▶ [SUPPLIED DATA]:
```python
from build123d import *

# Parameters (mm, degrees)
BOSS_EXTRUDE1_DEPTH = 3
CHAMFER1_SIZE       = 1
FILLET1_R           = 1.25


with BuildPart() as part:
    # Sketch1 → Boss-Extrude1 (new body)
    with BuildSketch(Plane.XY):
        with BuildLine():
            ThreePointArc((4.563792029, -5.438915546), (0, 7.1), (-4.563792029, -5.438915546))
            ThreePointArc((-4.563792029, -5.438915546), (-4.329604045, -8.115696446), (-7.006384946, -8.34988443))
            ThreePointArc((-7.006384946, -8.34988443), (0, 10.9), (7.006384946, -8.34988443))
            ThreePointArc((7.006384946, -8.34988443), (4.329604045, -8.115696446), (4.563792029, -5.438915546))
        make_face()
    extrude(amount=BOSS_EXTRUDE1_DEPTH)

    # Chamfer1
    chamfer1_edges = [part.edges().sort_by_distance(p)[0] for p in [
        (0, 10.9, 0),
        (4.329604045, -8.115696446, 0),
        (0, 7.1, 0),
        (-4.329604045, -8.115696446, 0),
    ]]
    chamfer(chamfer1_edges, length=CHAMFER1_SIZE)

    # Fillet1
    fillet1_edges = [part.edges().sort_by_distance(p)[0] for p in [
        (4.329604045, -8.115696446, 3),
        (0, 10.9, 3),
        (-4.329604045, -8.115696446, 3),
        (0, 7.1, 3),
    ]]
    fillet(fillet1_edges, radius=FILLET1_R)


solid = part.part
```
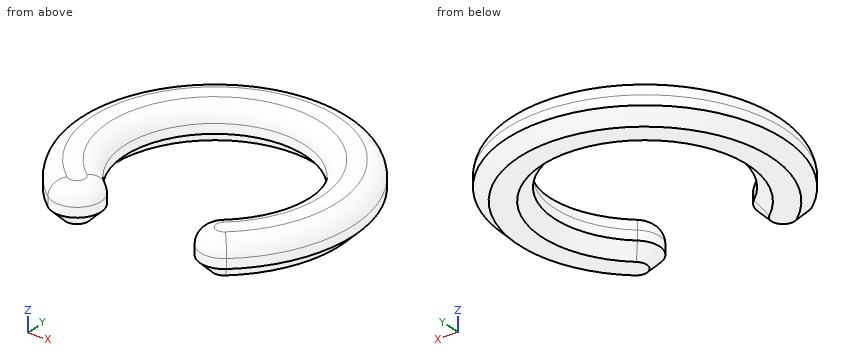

▶ [WHAT YOU ARE ASKED TO DO]: Restate the entire listing word for word, excluding pictures.

▶ [WRITTEN ANSWER]:
```python
from build123d import *

# Parameters (mm, degrees)
BOSS_EXTRUDE1_DEPTH = 3
CHAMFER1_SIZE       = 1
FILLET1_R           = 1.25


with BuildPart() as part:
    # Sketch1 → Boss-Extrude1 (new body)
    with BuildSketch(Plane.XY):
        with BuildLine():
            ThreePointArc((4.563792029, -5.438915546), (0, 7.1), (-4.563792029, -5.438915546))
            ThreePointArc((-4.563792029, -5.438915546), (-4.329604045, -8.115696446), (-7.006384946, -8.34988443))
            ThreePointArc((-7.006384946, -8.34988443), (0, 10.9), (7.006384946, -8.34988443))
            ThreePointArc((7.006384946, -8.34988443), (4.329604045, -8.115696446), (4.563792029, -5.438915546))
        make_face()
    extrude(amount=BOSS_EXTRUDE1_DEPTH)

    # Chamfer1
    chamfer1_edges = [part.edges().sort_by_distance(p)[0] for p in [
        (0, 10.9, 0),
        (4.329604045, -8.115696446, 0),
        (0, 7.1, 0),
        (-4.329604045, -8.115696446, 0),
    ]]
    chamfer(chamfer1_edges, length=CHAMFER1_SIZE)

    # Fillet1
    fillet1_edges = [part.edges().sort_by_distance(p)[0] for p in [
        (4.329604045, -8.115696446, 3),
        (0, 10.9, 3),
        (-4.329604045, -8.115696446, 3),
        (0, 7.1, 3),
    ]]
    fillet(fillet1_edges, radius=FILLET1_R)


solid = part.part
```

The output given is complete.